- The Washington Times - Monday, May 25, 2009

CITIZEN JOURNALISM:

Scholarships for D.C. youths

House Minority Leader John A. Boehner, Ohio Republican, and Reps. Howard P. “Buck” McKeon and Darrell Issa, both California Republicans, introduced legislation last week to reauthorize the D.C. scholarship program.

The scholarships allow low-income students to receive up to $7,500 to attend private schools.

Since 2004, the D.C. Opportunity Scholarship Program “has provided unprecedented educational opportunities for thousands of inner-city students who are poorly served by the D.C. Public Schools system,” said Mr. Issa, ranking member of the House Committee on Oversight and Government Reform.

An independent report last month found that students in the scholarship program performed at statistically higher levels in reading that were “equivalent to 3.1 months of additional learning,” Mr. Issa said.

Mr. Boehner said at a news conference on Thursday that one of the reasons he was joining his colleagues is because “we all know where D.C. parents are on this.”

“I’ve got three binders full of … petitions signed by some 7,400 parents of children here in the District of Columbia asking us to continue this program. And on behalf of those children, getting them a chance at a decent education ought to be our No. 1 goal.”

Obama plan for school spending

President Obama’s fiscal 2010 plan allocates $46.7 billion for the Department of Education, an increase of $1.3 billion over fiscal 2009. It also includes more funding for the Institute of Education Sciences, which would receive $689 million.

The Obama administration also proposed a merit-pay plan and a plan to curb dropout rates, while eliminating some abstinence-only federal sex-education programs. Here are the winners and losers, according to Education Week:

Winners

• Teacher Incentive Fund: Grants to school districts to create pay-for-performance programs. Program received $97 million in fiscal 2009 and is slated for $517 million in fiscal 2010, on top of $200 million from the economic-stimulus package.

• School Improvement Fund: Funding for schools struggling to meet the goals of the No Child Left Behind Act would nearly triple to $1.5 billion in fiscal 2010, on top of $3 billion from the stimulus.

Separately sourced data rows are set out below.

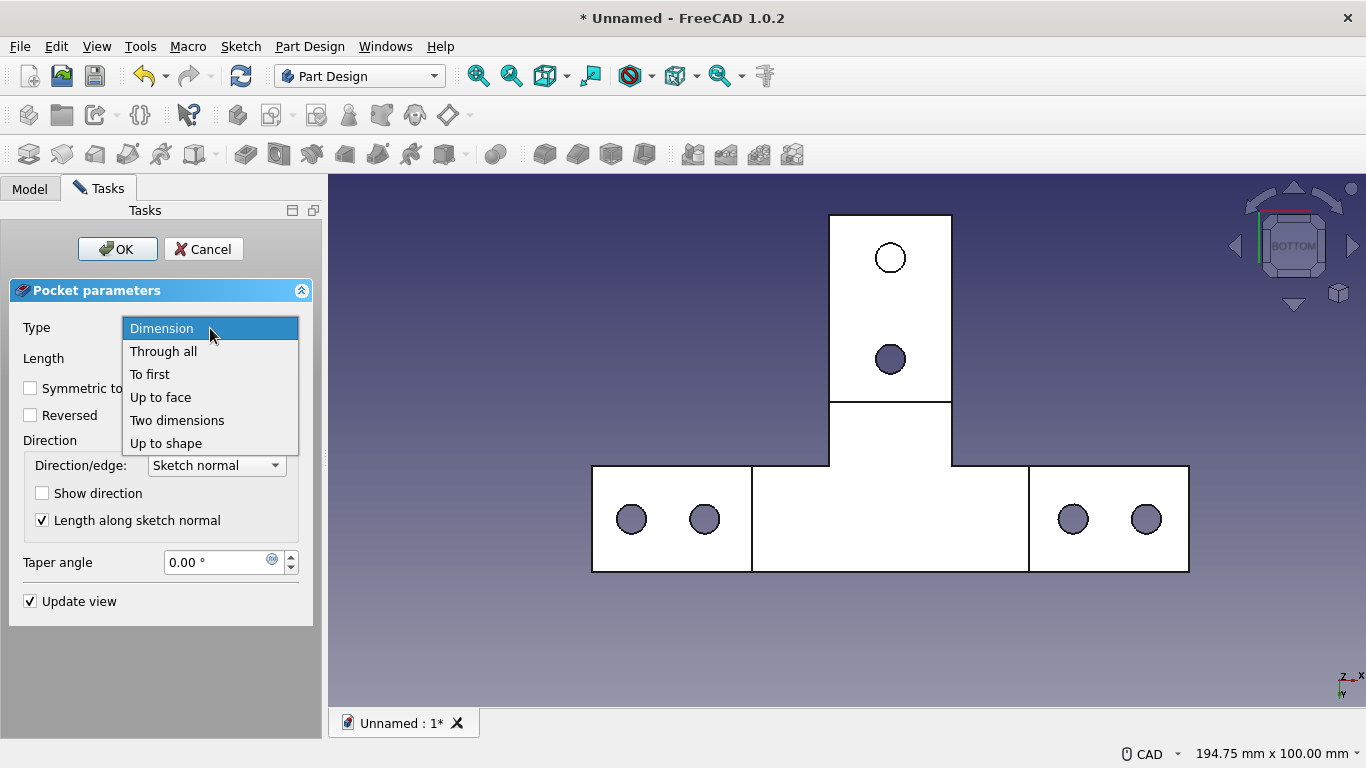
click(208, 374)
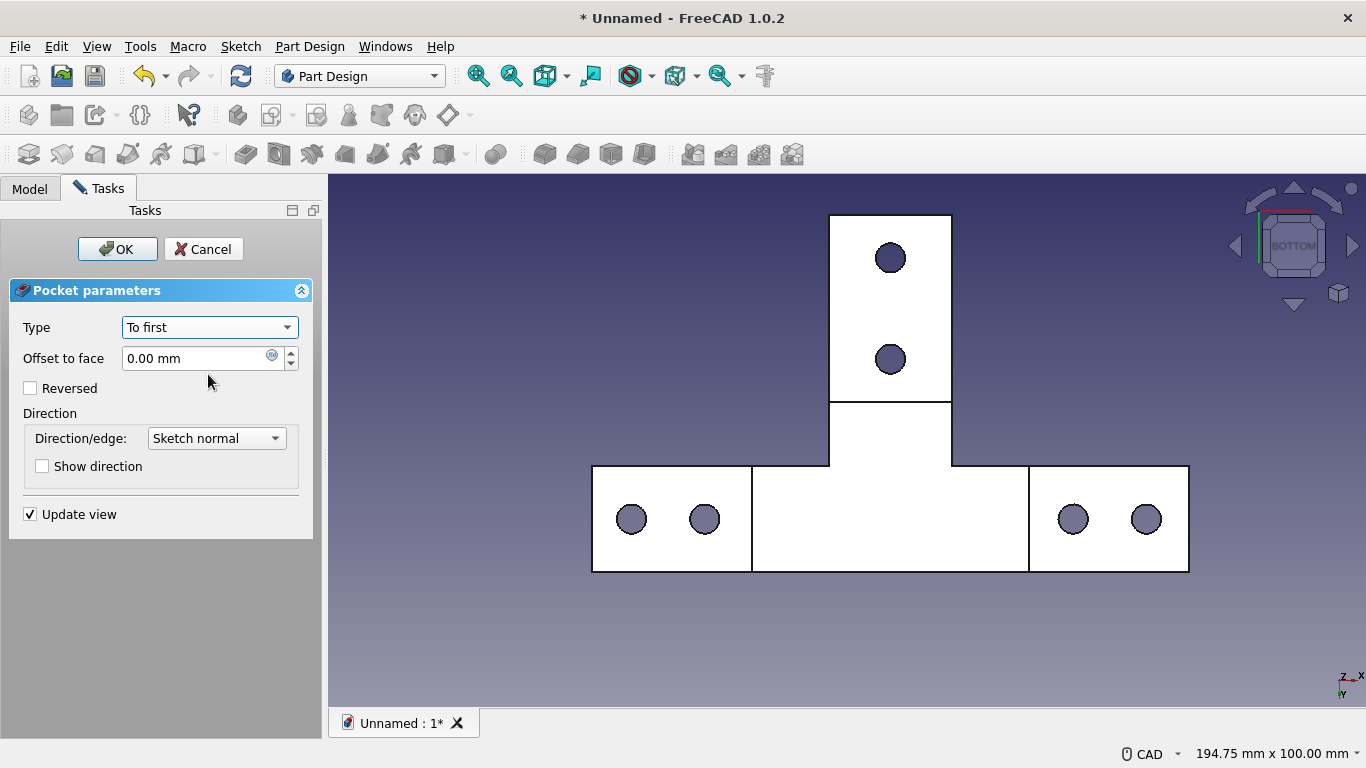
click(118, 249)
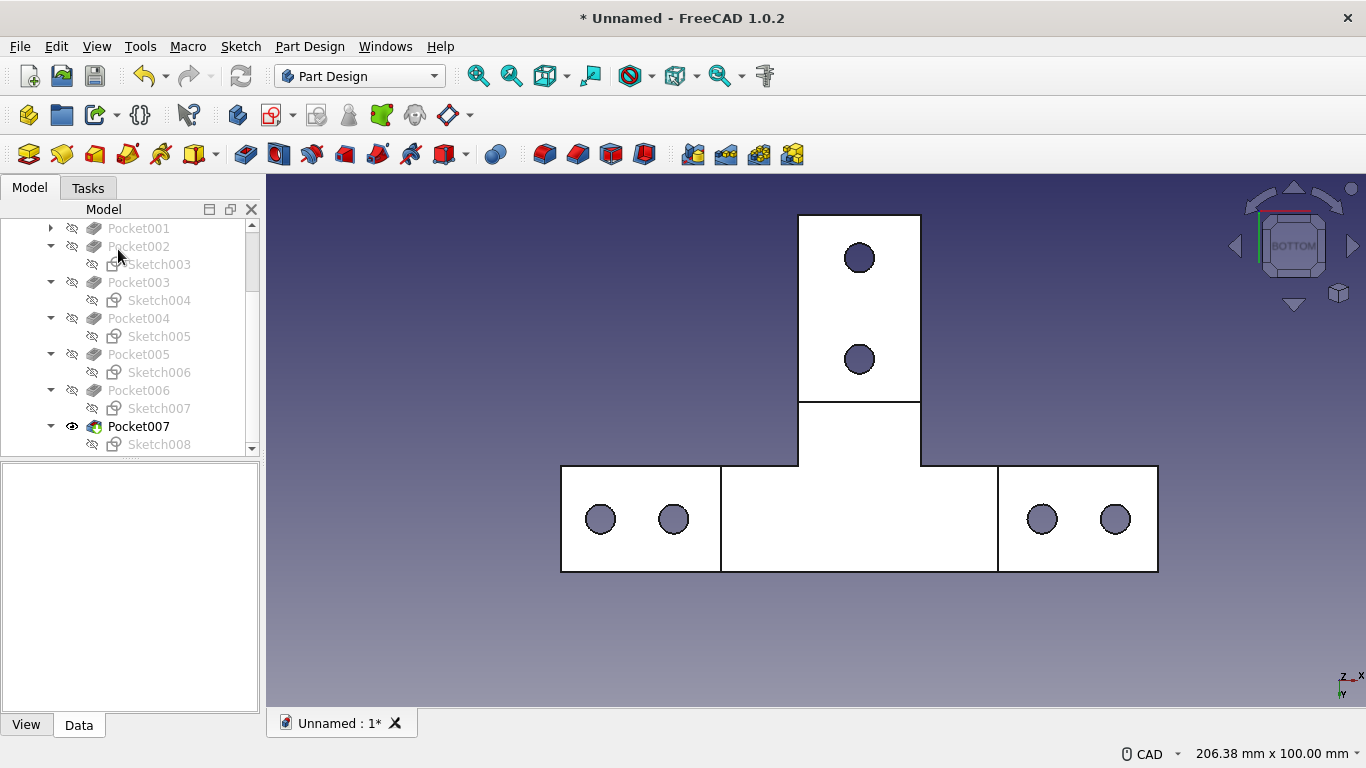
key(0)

• Reading: Boosting appropriations for the Striving Readers program to $370.4 million, including $300 million for new Early Literacy Grants and a doubling of funds for the Adolescent Literacy program to $70.4 million.

• High School Initiative: A $50 million competitive-grant program for high schools and their feeder middle schools to help curb the dropout rate.

Losers

To be eliminated:

• Safe and Drug-Free Schools State Grants, $294.8 million

• Even Start family-literacy program, $66.5 million

• College Access Challenge Grants, $66 million

• Mentoring program, $48.5 million

• Civic education program, $33.5 million

• Character education program, $11.9 million

• Ready to Teach program, $10.7 million

• Javits gifted and talented program, $7.5 million

• National Institute for Literacy, $6.5 million

• Academies for American History and Civics, $1.9 million

• Close Up Fellowship, $1.9 million

• Foundations for Learning, $1 million

• Education Technology State Grants: Program that helps districts integrate technology into classrooms would be slashed to $100 million in fiscal 2010, from $269.9 million this year. Program received $650 million under the stimulus package.

• Abstinence education: The Community-Based Abstinence Education and Title V Abstinence Education programs, which together got $133 million in fiscal 2009, would be eliminated. Their replacement is $110 million in grants to teen-pregnancy prevention programs.

Bell back home

The 1882 bell at the School Without Walls returned home Thursday.

The D.C. public high school, located on the campus of George Washington University, where students take college courses, is slated to reopen for the 2009-10 school year. Parents are happy the bell is back in its tower.

“This is another step in the respectful restoration and modernization of this 1880s building,” said Terry Lynch, a Walls parent and member of the School Improvement Team. “The school’s original pine wood floors have been uncovered and are being restored, the school’s masonry has been repointed, and its ornate metal staircases are to be restored as well.”

Other historical elements, including long-lost wooden front doors and wooden wainscoting for classrooms, will be reproduced, said Mr. Lynch, who also is executive director of the Downtown Cluster of Congregations.

“In restoring and modernizing this building, we uncovered a Washington Times Herald article from 1940 of a visit by [first lady] Eleanor Roosevelt, where she said: ‘From a physical standpoint, this school is in very bad shape. The teaching seems to be very good, but I don’t see how anything could be done for children in a building of this type.’

“Well, she visited the school when it was almost 60 years old, and now it’s almost 130 years since it first opened, and at last it will become a model facility, with its historic features restored,” he said.